Among the 1,266 individuals, 299 deaths occurred during follow-up (190 all-cause, 59 cardiovascular, 50 cancer). ABSI predicted the 5-, 10-, and 20-year mortality (area under the curve: 0.823, 0.801, 0.752, respectively) and outperformed other indices in the Harrell's C-index. Weighted multivariable Cox regression linked higher ABSI × 100 values with increased mortality; Kaplan-Meier curves confirmed reduced survival in the highest quartile (P < 0.001). RCS revealed a U-curve association linking ABSI × 100 to mortality. Moreover, the mediating effects analysis indicated the Monocyte-to-High-Density Lipoprotein Cholesterol Ratio, Neutrophil-to-Lymphocyte Ratio, Advanced Lung Cancer Inflammation Index, and Systemic Immune-Inflammation Index played significant roles as mediators, with mediation ratios of 4.9%, 5.1%, 8.5%, and 4.5%, respectively. Additional sensitivity analyses validated these results. Quartile stratification revealed a pronounced risk amplification in the highest quartile (Q4), particularly in the fully adjusted specification (Hazard ratio = 3.43, 1.45-8.14; P = 0.005). Furthermore, XGBoost results indicate that ABSI is the best obesity metric for predicting the prognosis of patients with RA.

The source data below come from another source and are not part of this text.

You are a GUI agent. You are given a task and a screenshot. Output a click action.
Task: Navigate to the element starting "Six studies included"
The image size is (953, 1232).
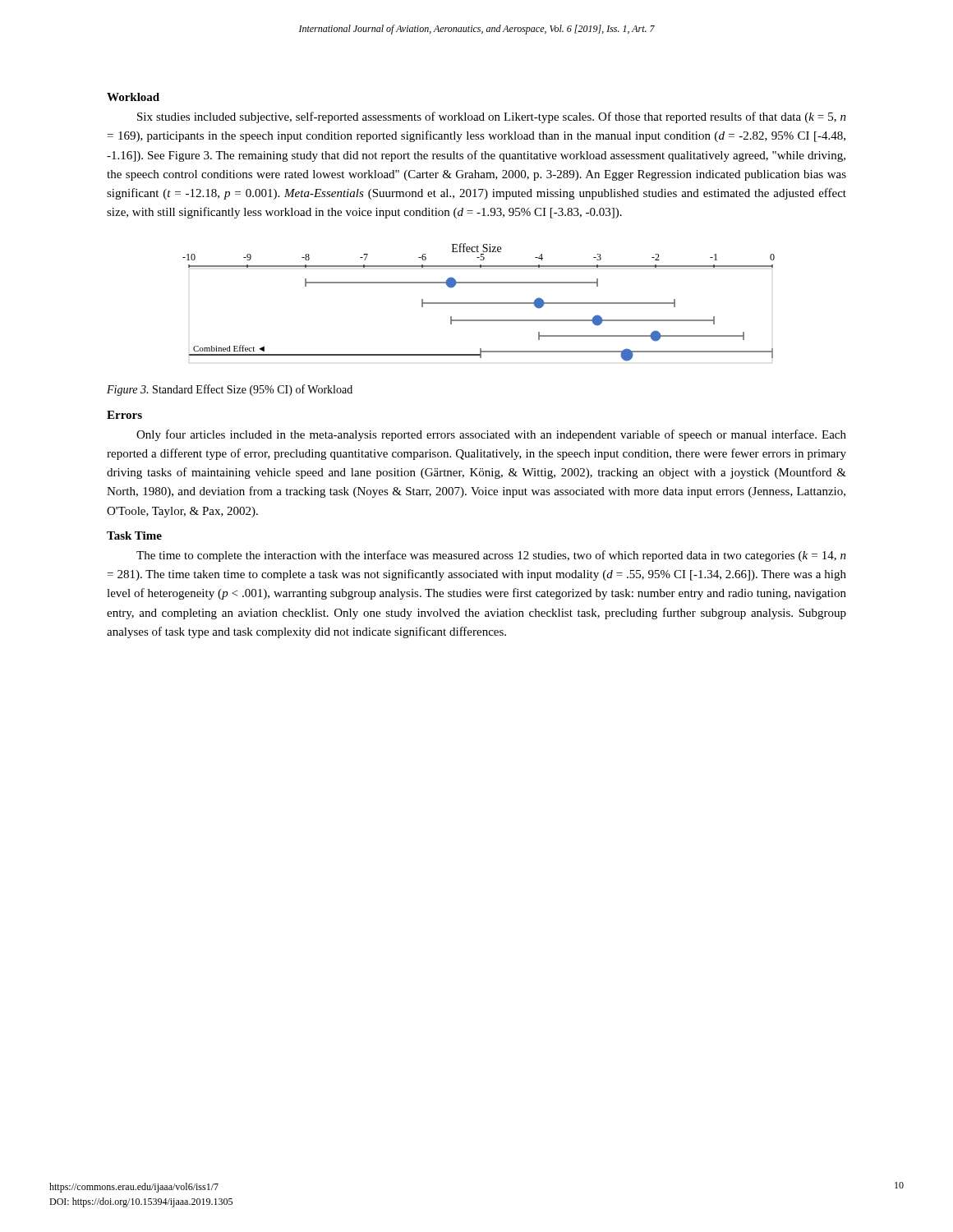tap(476, 164)
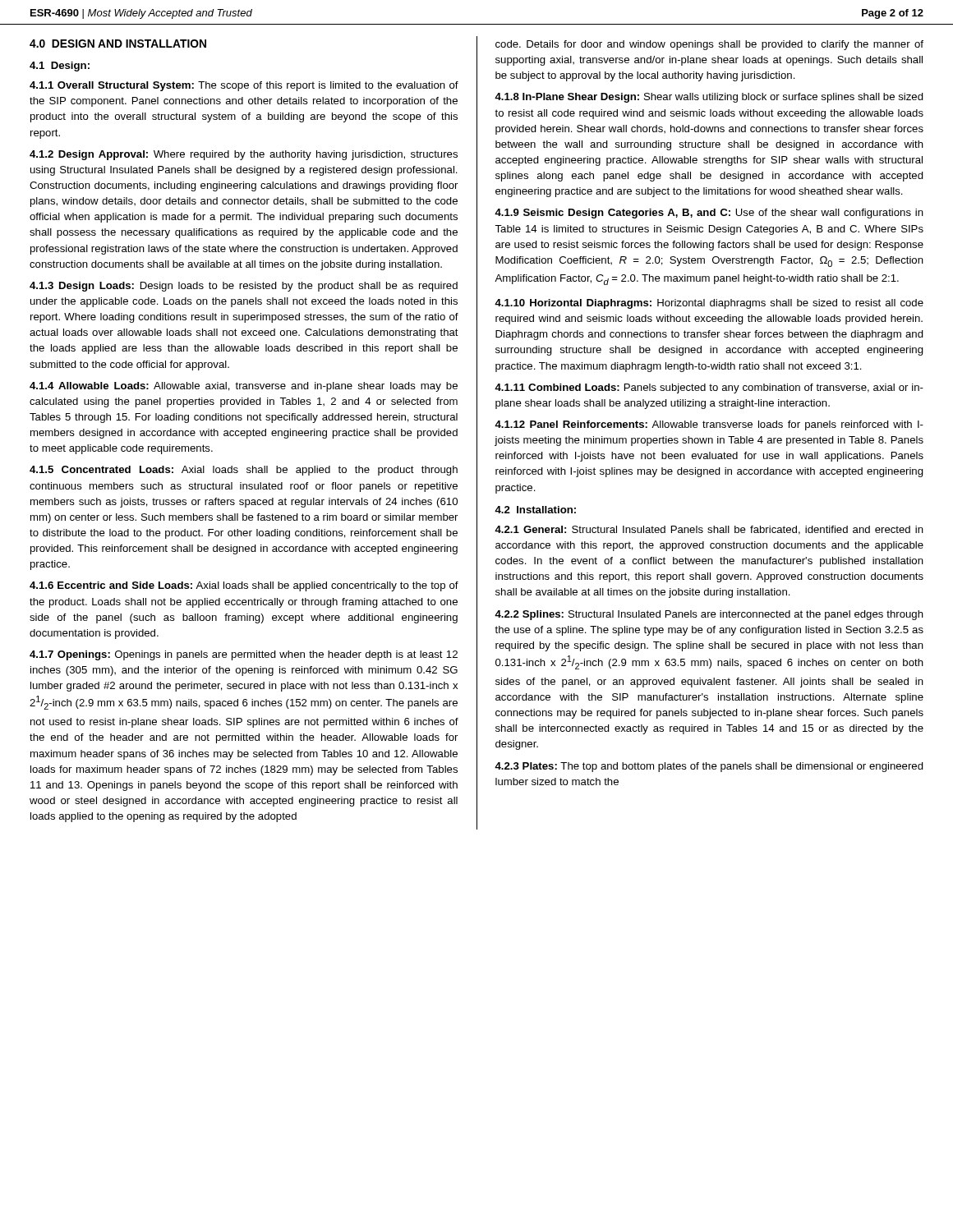Click on the text block that reads "1.7 Openings: Openings"

point(244,735)

This study revealed a potential clinical value of a new obesity index, specifically the ABSI, in predicting the survival rates among individuals with RA. Inflammatory markers appear to play a partial mediating role in this relationship.

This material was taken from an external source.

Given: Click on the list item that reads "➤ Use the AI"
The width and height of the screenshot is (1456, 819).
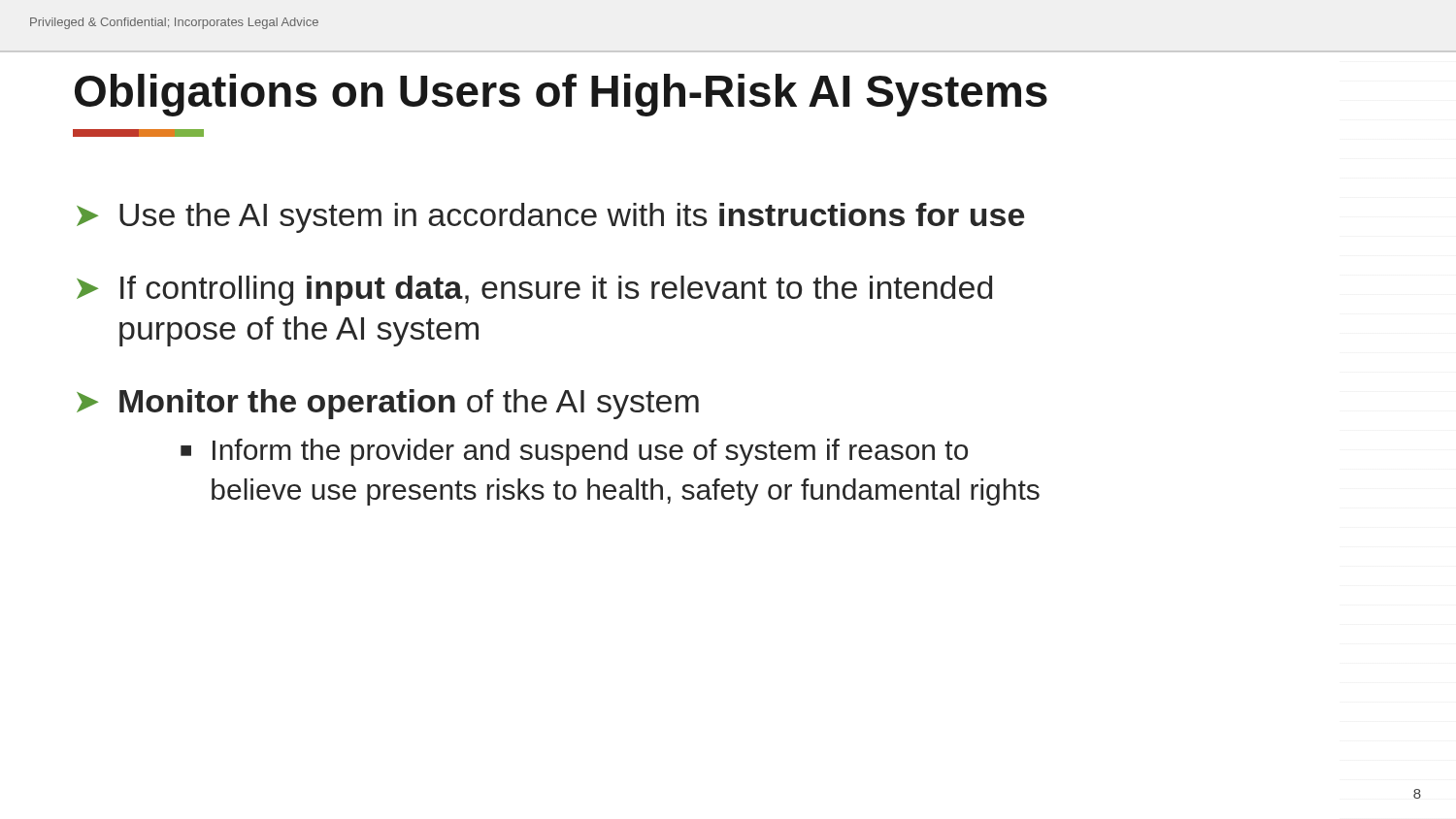Looking at the screenshot, I should [x=549, y=215].
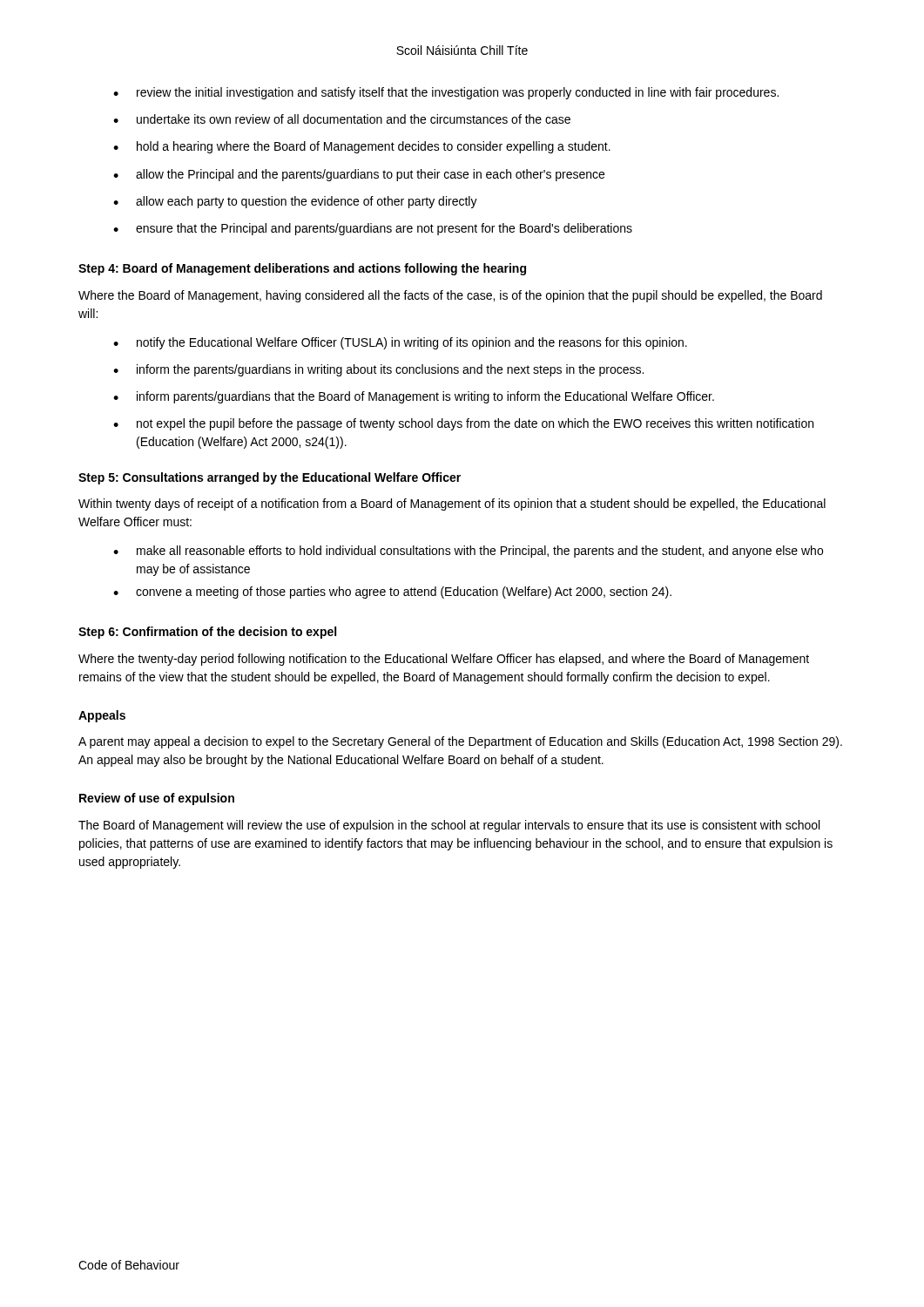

类风湿关节炎(RA)是一种慢性炎症性关节疾病,在全球范围内死亡率呈上升趋势。传统的肥胖指标不足以预测该人群的死亡风险。因此,本研究旨在评估新的肥胖指标,以探讨它们与类风湿关节炎死亡率的密切关联。
本研究分析了101316名国家健康与营养检查调查参与者(1999 - 2018年),以评估用于预测类风湿关节炎死亡率的替代肥胖指数。使用随机森林方法对缺失数据进行插补。使用Boruta算法和加权单变量Cox回归选择关键协变量。多变量调整模型生成风险比(95%置信区间),通过时间依赖性受试者工作特征曲线和Harrell氏C指数进行验证。使用受限立方样条(RCS)和Kaplan - Meier曲线评估生存模式。通过分段Cox模型和敏感性分析分析阈值效应和稳健性。极端梯度提升(XGBoost)确定身体形状指数(ABSI)为最强预测因子。

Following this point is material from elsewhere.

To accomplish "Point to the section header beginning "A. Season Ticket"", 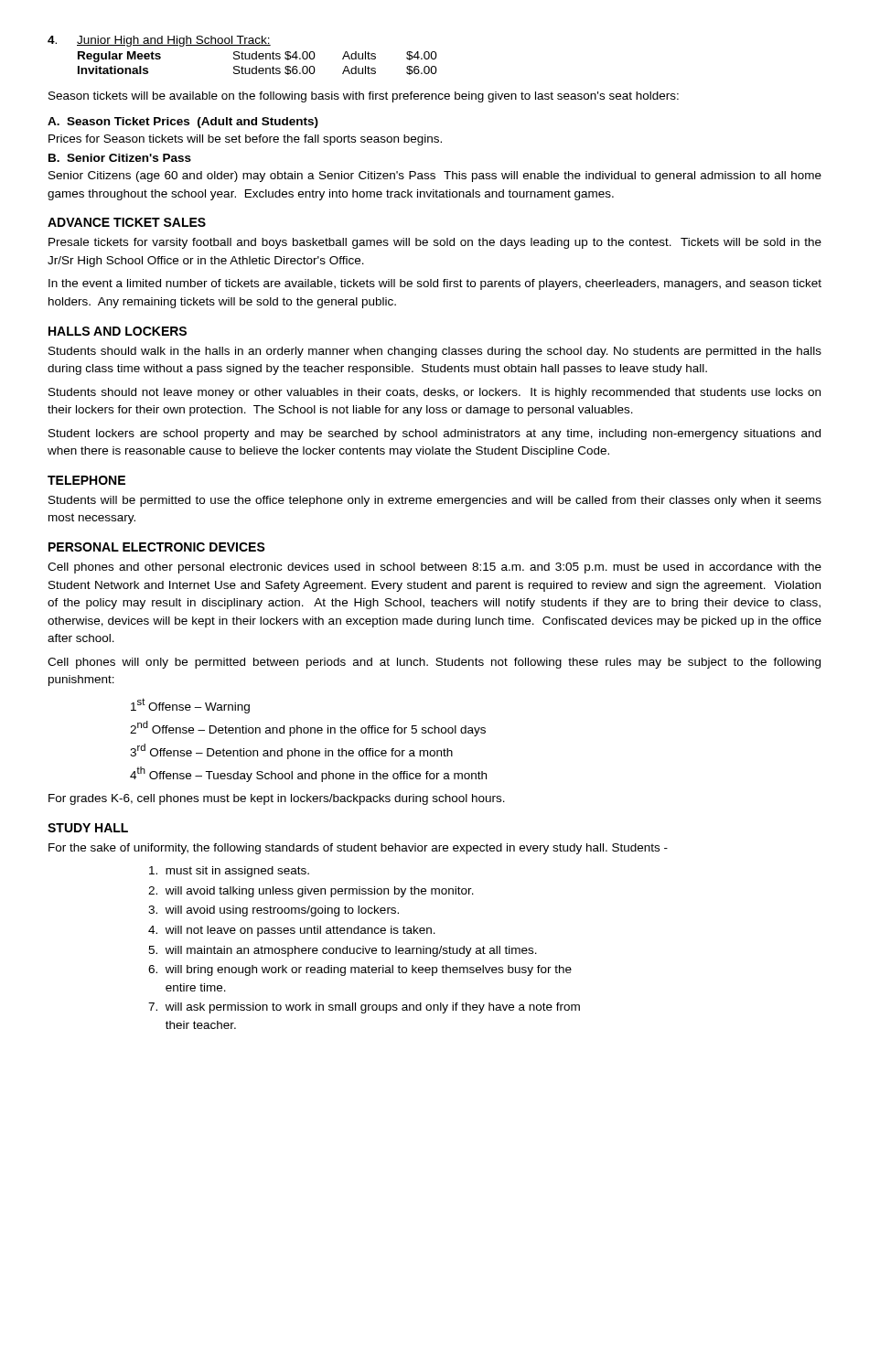I will click(x=183, y=121).
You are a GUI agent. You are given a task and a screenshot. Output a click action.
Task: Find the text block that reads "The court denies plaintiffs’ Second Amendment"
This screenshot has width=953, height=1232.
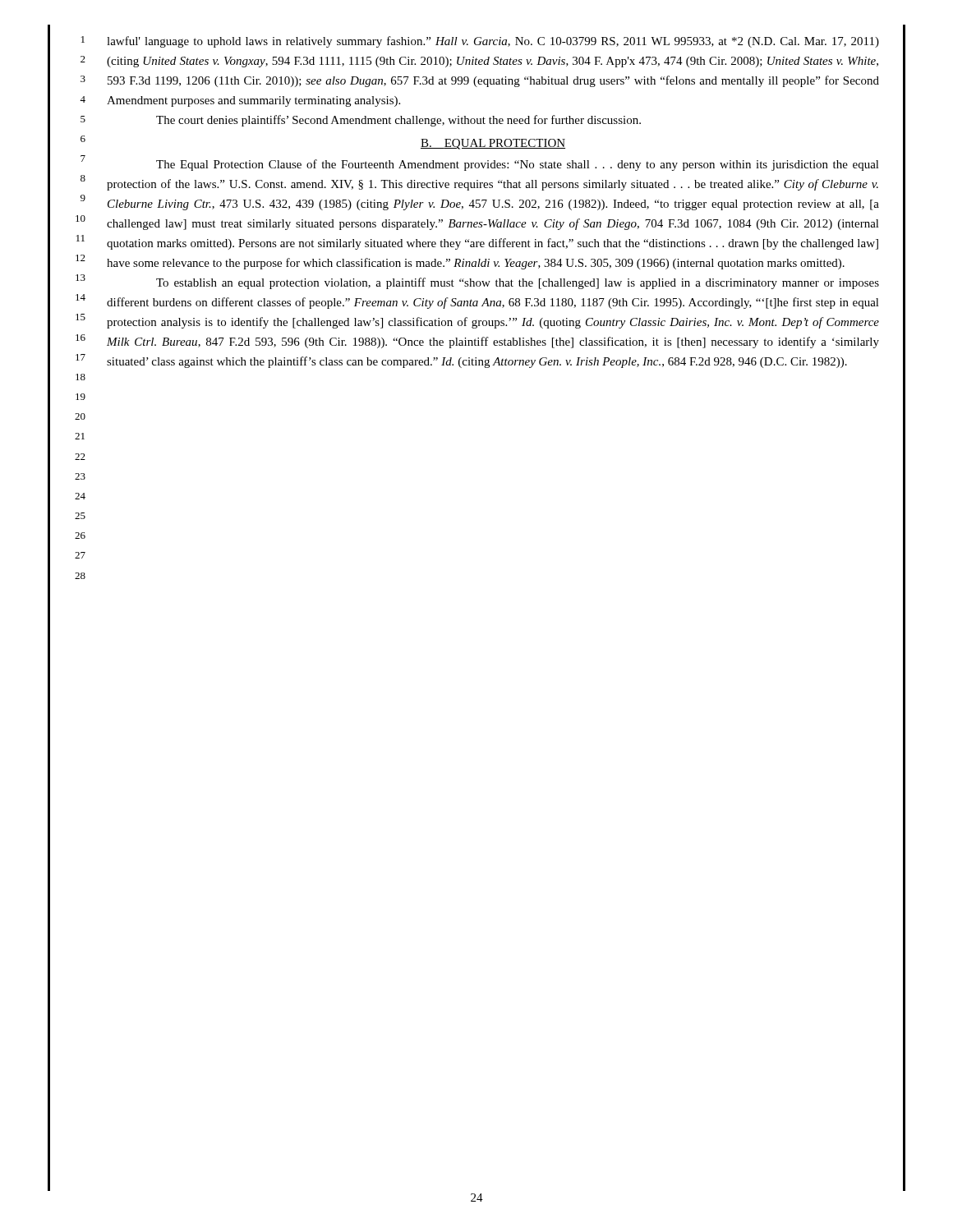[399, 120]

在1266名个体中,随访期间有299人死亡(190人全因死亡,59人死于心血管疾病,50人死于癌症)。ABSI预测了5年、10年和20年死亡率(曲线下面积分别为:0.823、0.801、0.752),并且在Harrell氏C指数方面优于其他指数。加权多变量Cox回归将较高的ABSI×100值与死亡率增加联系起来;Kaplan - Meier曲线证实最高四分位数组的生存率降低(P < 0.001)。RCS显示ABSI×100与死亡率之间呈U形曲线关联。此外,中介效应分析表明单核细胞与高密度脂蛋白胆固醇比值、中性粒细胞与淋巴细胞比值、晚期肺癌炎症指数和全身免疫炎症指数作为中介发挥了重要作用,中介比例分别为4.9%、5.1%、8.5%和4.5%。额外的敏感性分析验证了这些结果。四分位数分层显示最高四分位数组(Q4)风险显著放大,特别是在完全调整的规范中(风险比 = 3.43,1.45 - 8.14;P = 0.005)。此外,XGBoost结果表明ABSI是预测类风湿关节炎患者预后的最佳肥胖指标。
本研究揭示了一种新的肥胖指数,特别是ABSI,在预测类风湿关节炎患者生存率方面的潜在临床价值。炎症标志物似乎在这种关系中起部分中介作用。